From ...
From: Erik Naggum <erik@naggum.no>
Subject: Re: 8-bit input (or, "Perl attacks on non-English language communities!")
Date: 1999/02/11
Message-ID: <3127703943282468@naggum.no>
X-Deja-AN: 443117437
References: <xlxiudcizfn.fsf@gold.cis.ohio-state.edu> <79p88l$8h2$1@news.u-bordeaux.fr> <lwpv7jr9bd.fsf@copernico.parades.rm.cnr.it> <873e4fbawi.fsf@2xtreme.net> <36C20F62.3FDB5404@elwood.com>
mail-copies-to: never
Organization: Naggum Software; +47 8800 8879; http://www.naggum.no
Newsgroups: comp.lang.lisp

* "Howard R. Stearns" <howard@elwood.com>
| One that is one of my pet peaves.  A while back in "IEEE Computer"
| magazine, some yahoo decided that we don't need to use 16 bits to handle
| international characters.  Instead, we usually only need 8 bits at a
| time, and that we would get better performance by using 8-bit characters
| for everything along with a locally understood "current char set".  They
| eventually printed a "letter to the editor" I sent, and the whole thing
| bugs me enough that I'm going to repeat it here.

  the first ISO 10646 draft actually had this feature for character sets
  that only need 8 bits, complete with "High Octet Prefix", which was
  intended as a stateful encoding that would _never_ be useful in memory.
  this was a vastly superior coding scheme to UTF-8, which unfortunately
  penalizes everybody outside of the United States.  I actually think UTF-8
  is one of the least intelligent solutions to this problem around: it
  thwarts the whole effort of the Unicode Consortium and has already proven
  to be a reason why Unicode is not catching on.

  instead of this stupid encoding, only a few system libraries need to be
  updated to understand the UCS signature, #xFEFF, at the start of strings
  or streams.  it can even be byte-swapped without loss of information.  I
  don't think two bytes is a great loss, but the stateless morons in New
  Jersey couldn't be bothered to figure something like this out.  argh!

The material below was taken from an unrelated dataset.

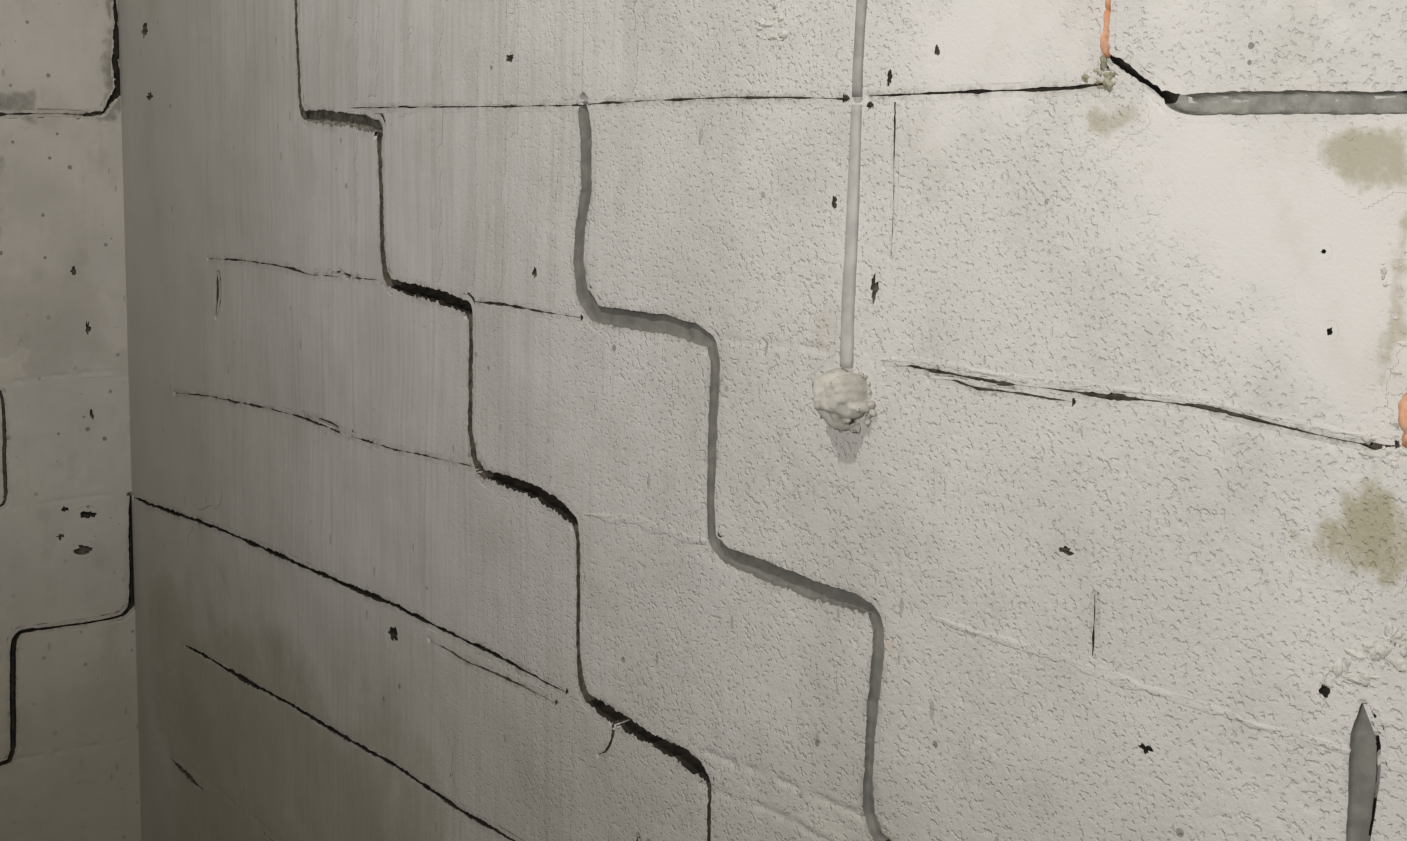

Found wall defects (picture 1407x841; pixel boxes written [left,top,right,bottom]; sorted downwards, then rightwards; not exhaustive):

crack [868,0,1407,256]
crack [0,0,899,841]
crack [885,360,1407,456]
crack [1339,703,1387,841]

  when the UCS signature becomes widespread, any string or stream can be
  viewed initially as a byte sequence, and upon first access can easily be
  inspected for its true nature and the object can then change class into
  whatever the appropriate class should be.  it might even be byteswapped
  if appropriate.  this is not at all rocket science.  I think the UCS
  signature is among the smarter things in Unicode.  that #xFFFE is an
  invalid code and #xFEFF is a zero-width space are signs of a brilliant
  mind at work.  I don't know who invented this, but I _do_ know that UTF-8
  is a New Jersey-ism.

| One issue you bring up that is not covered in the letter is whether speed
| is effected in Lisp by simultaneously supporting BOTH ASCII and Unicode.

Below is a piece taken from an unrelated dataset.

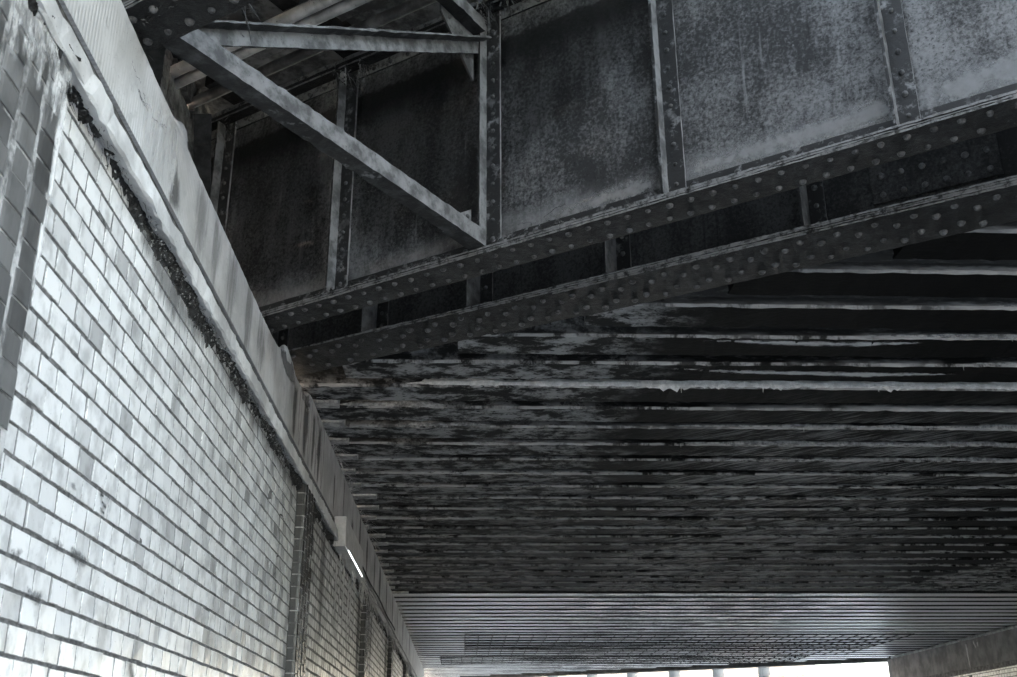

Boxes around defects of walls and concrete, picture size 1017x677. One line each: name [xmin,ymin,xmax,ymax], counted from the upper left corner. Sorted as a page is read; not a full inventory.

water stain [723,333,1017,346]
water stain [408,369,1017,393]
water stain [340,400,445,408]

  there is actually a lot of evidence that UTF-8 slows things down because
  it has to be translated, but UTF-16 can be processed faster than ISO
  8859-1 on most modern computers because the memory access is simpler with
  16-bit units than with 8-bit units.  odd addresses are not free.

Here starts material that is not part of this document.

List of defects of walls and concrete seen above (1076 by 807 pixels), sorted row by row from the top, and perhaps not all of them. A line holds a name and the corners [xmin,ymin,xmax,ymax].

| It is not quite correct to refer to Unicode as a 16-bit standard.
| Unicode actually uses a 32-bit space. It is one of the more popular
| subsets of Unicode, UCS-2, that happens to fit in 16 bits.

  well, Unicode 1.0 was 16 bits, but Unicode is now 16 bits + 20 bits worth
  of extended space encoded as 32 bits using 1024 high and 1024 low codes
  from the set of 16-bit codes.  ISO 10646 is a 31-bit character set
  standard without any of this stupid hi-lo cruft.

  your point about the distinction between internal and external formats is
  generally lost on people who have never seen the concepts provided by the
  READ and WRITE functions in Common Lisp.  Lispers are used to dealing
  with different internal and external representations, and therefore have
  a strong propensity to understand much more complex issues than people
  who are likely to argue in favor of writing raw bytes from memory out to
  files as a form of "interchange", and who deal with all text as _strings_
  and repeatedly maul them with regexps.

  my experience is that there's no point in trying to argue with people who
  don't understand the concepts of internal and external representation --
  if you want to reach them at all, that's where you have to start, but be
  prepared for a paradigm shift happening in your audience's brain.  (it
  has been instructive to see how people suddenly grasp that a date is
  always read and written in ISO 8601 format although the machine actually
  deals with it as a large integer, the number of seconds since an epoch.
  Unix folks who are used to seeing the number _or_ a hacked-up crufty
  version of `ctime' output are truly amazed by this.)  if you can explain
  how and why conflating internal and external representation is bad karma,
  you can usually watch them people get a serious case of revelation and
  their coding style changes there and then.  but just criticizing their
  choice of an internal-friendly external coding doesn't ring a bell.

#:Erik
-- 
  Y2K conversion simplified: Januark, Februark, March, April, Mak, June,
  Julk, August, September, October, November, December.